Observational Studies

There are two types of studies, observational studies and clinical trials.

 Observational Study

These can be divided in three groups:

  1. Cross sectional study
  2. Case control study
  3. Cohort study

Cross Sectional (Prevalence) Study

A cross sectional study is also called a prevalence study. It is performed on the population that has survived. Therefore, it is prone to selection bias. Cross sectional studies are often performed in epidemiology and can be helpful in trying to establish causes for disease. For example the relation between smoking and lung cancer can be established with a cross sectional study.

Case Control Study

A case control study is usually a retrospective study. Patients are selected by past exposure of a risk factor and compared to a group that has not been exposed to this risk factor. Again, being retrospective, this type of study is prone to selection bias. Advantages of case control studies are that they are cheap, quick and easy to perform. For example, suppose we suspect that smoking adversely affects fracture healing. From our records, we could identify a group of patients with tibial fractures and determine whether fracture healing is prolonged in patients who smoke. It can be difficult selecting an appropriate control group that is similar in all but the risk factor.

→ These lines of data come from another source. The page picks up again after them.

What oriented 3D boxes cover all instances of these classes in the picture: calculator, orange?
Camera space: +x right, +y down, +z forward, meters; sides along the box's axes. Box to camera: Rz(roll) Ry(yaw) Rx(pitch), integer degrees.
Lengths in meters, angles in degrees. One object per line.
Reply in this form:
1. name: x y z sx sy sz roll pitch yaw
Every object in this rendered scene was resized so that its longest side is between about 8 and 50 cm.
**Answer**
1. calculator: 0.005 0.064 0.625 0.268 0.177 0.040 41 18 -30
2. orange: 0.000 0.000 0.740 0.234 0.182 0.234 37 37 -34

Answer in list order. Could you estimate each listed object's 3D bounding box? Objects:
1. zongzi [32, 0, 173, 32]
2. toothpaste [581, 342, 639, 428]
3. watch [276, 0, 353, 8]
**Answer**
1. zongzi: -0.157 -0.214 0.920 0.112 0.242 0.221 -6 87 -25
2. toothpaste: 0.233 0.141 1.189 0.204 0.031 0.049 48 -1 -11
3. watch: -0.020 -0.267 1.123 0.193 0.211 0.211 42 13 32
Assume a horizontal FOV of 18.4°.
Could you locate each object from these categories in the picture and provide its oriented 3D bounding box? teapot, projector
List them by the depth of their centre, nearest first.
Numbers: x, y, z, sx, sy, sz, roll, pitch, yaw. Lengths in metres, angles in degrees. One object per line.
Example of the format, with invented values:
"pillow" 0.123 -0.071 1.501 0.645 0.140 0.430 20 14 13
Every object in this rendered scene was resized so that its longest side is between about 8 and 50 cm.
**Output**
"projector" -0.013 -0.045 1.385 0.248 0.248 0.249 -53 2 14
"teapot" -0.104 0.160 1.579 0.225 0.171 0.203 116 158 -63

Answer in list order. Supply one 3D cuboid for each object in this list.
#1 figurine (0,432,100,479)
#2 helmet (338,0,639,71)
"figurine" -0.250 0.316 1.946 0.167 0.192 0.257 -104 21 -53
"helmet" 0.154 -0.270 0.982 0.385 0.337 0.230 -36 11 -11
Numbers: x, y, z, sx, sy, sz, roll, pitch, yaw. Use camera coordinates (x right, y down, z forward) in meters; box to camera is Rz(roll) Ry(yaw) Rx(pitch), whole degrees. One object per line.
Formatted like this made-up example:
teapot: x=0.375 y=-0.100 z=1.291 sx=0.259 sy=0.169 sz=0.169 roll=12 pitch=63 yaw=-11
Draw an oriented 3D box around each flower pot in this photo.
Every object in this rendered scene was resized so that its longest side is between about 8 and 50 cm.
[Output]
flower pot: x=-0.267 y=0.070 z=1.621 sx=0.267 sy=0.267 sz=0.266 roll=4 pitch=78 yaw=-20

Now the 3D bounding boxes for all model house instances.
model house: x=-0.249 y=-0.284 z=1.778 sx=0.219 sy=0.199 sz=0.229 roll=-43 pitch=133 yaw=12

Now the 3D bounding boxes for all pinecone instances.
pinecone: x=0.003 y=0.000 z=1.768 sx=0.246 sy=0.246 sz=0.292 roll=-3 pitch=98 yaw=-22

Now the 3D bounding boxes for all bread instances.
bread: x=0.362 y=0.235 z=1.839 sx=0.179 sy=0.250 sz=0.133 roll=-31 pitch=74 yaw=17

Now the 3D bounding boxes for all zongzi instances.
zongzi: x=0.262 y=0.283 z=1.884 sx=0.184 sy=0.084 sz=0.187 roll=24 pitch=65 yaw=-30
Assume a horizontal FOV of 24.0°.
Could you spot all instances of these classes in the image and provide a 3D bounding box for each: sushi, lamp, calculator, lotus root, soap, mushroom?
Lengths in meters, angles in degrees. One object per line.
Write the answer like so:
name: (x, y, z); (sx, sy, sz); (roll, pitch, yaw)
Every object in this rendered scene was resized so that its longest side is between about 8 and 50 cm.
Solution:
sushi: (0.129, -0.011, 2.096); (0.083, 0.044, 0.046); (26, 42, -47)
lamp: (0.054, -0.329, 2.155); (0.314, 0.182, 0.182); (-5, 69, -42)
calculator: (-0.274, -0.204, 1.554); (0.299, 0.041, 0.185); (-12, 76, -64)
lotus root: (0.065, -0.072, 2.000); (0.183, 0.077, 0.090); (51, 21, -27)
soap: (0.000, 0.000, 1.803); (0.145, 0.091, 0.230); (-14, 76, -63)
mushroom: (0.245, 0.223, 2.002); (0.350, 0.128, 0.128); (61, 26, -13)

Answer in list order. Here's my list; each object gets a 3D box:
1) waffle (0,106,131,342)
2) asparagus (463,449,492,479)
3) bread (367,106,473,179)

An alternative case control study is where we try to match a control to each patient in the study group. The control will be similar in all (age, sex etc) but the past expose to the risk factor. This is called a case matched study. In this type of study, the control group is more comparable to the study group.

Cohort Study

A cohort study is usually prospective in design. A group of patients, who have been exposed to a risk factor, are followed in time and the outcome is observed. Clearly, compared to a case control study, a cohort study is more difficult to do and more time consuming. It also involves considerable administration. Another problem with cohort studies is that there is bias due to patients lost to follow up. An advantage is that the design is prospective and clearly the weight of evidence is greater as compared to a case control study. For example, a cohort study could be performed on patients who had a hip replacement, were the outcome is followed over time.